Воскресенье пролетело в домашних хлопотах, а понедельник принес сюрприз. В восемь утра позвонил Борис Крюков, мой бывший однокурсник, и с места в карьер спросил:

– Слышь, Романова, ты сейчас работаешь или как?

Я вздохнула. Ну не говорить же ему правду, что я начальник оперативно-розыскного отдела тихо умирающего от отсутствия клиентов частного детективного агентства «Шерлок». Принадлежит оно моей подруге Федоре, и в нем мы обе начальницы, подчиненных у нас нет, зарплаты тоже, зато есть лицензия и красивые красные кожаные «корочки», подтверждающие, что Евлампия Романова может на абсолютно законных основаниях проводить расследования. Одна беда, никто не собирается меня нанимать.

– Эй, Романова, ты скончалась? – загудел Крюков. – Так что, есть у тебя работа, или как?

– Или как, – грустно ответила я.

– Отлично!

– Чего же тут хорошего?

– Есть изумительное место, как раз для тебя, – зачастил Борька, – зарплата – супер!

– Спасибо, – перебила я его, – только я сто лет за арфой не сидела, руки железными стали, меня из любого оркестра мигом попрут.

– А кто говорит про струнные инструменты? – изумился Крюков. – Значит, так, в девять жду тебя в кофейне «Макс», успеешь?

Я глянула на часы.

– Должна.

– Не опаздывай, рохля, – завершил разговор Борька.
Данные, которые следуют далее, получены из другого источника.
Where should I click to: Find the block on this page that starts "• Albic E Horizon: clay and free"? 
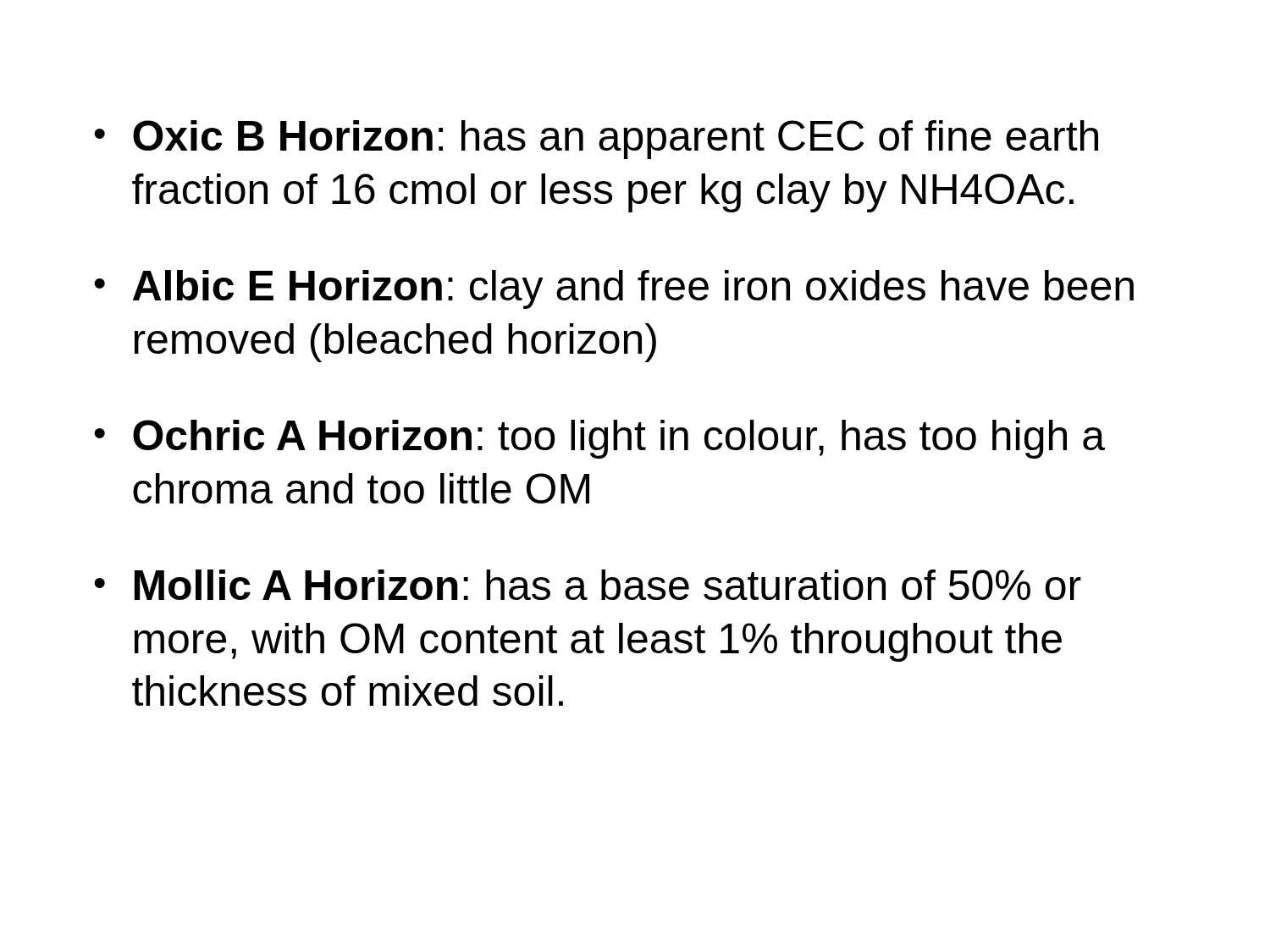tap(635, 313)
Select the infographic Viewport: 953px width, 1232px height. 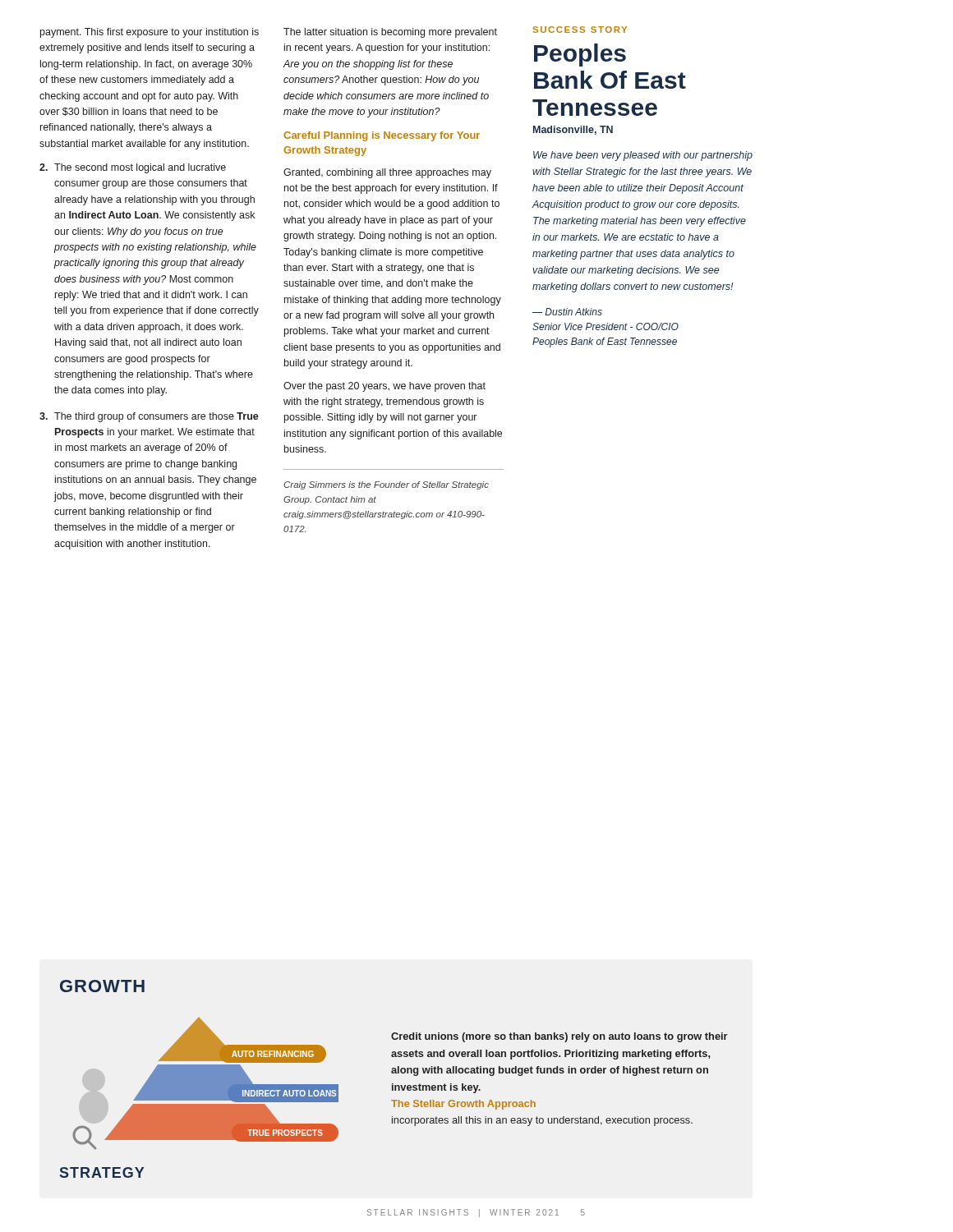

Я быстро оделась, старательно накрасилась, потом, поглядев на себя в зеркало, осталась недовольна, смыла косметику, повторила процесс и вновь схватилась за молочко для снятия макияжа.

– Ты, Лампудель, не старайся, – хихикнул опаздывающий в школу Кирюшка, – лучше все равно не станешь. Тебя красить, как Мулю, полный бесполезняк! Ну прикинь, Мульяна с голубыми тенями и розовой помадой.

Я уставилась на складчатую физиономию довольно ухмыляющейся мопсихи и с тревогой поинтересовалась:

– Что, все так запущено? Надеюсь, морщин у меня в три раза меньше.

– И нос другой, рожа не черная, и усы пока не растут, – успокоил меня Кирюшка, – просто косметика тебе идет, как корове бейсболка! Лучше выкинь мазилки или Лизке отдай. Та все равно такая уродина, что хуже ей уже не стать!

– Кто уродина? – заорала услышавшая наш разговор Лиза. – Ну погоди, гад!

Через секунду вспыхнула драка. Муля и Ада принялись истошно лаять. Я аккуратно обошла мутузящих друг друга детей. Наверное, Кирюшка прав, мне следует появиться перед Крюковым в натуральном виде, в конце концов, я не собираюсь выходить за него замуж.

К кофейне я подрулила вовремя, вошла внутрь и стала искать глазами Борьку. Никого похожего на кудрявого блондина Крюкова в помещении не было. Я обозрела довольно большой зал еще раз. Посетителей тут оказалось совсем немного. У окошка наслаждалась горой взбитых сливок весьма полная девушка, а в противоположном углу сидел толстый, лысый мужик, похожий на грустного кабана.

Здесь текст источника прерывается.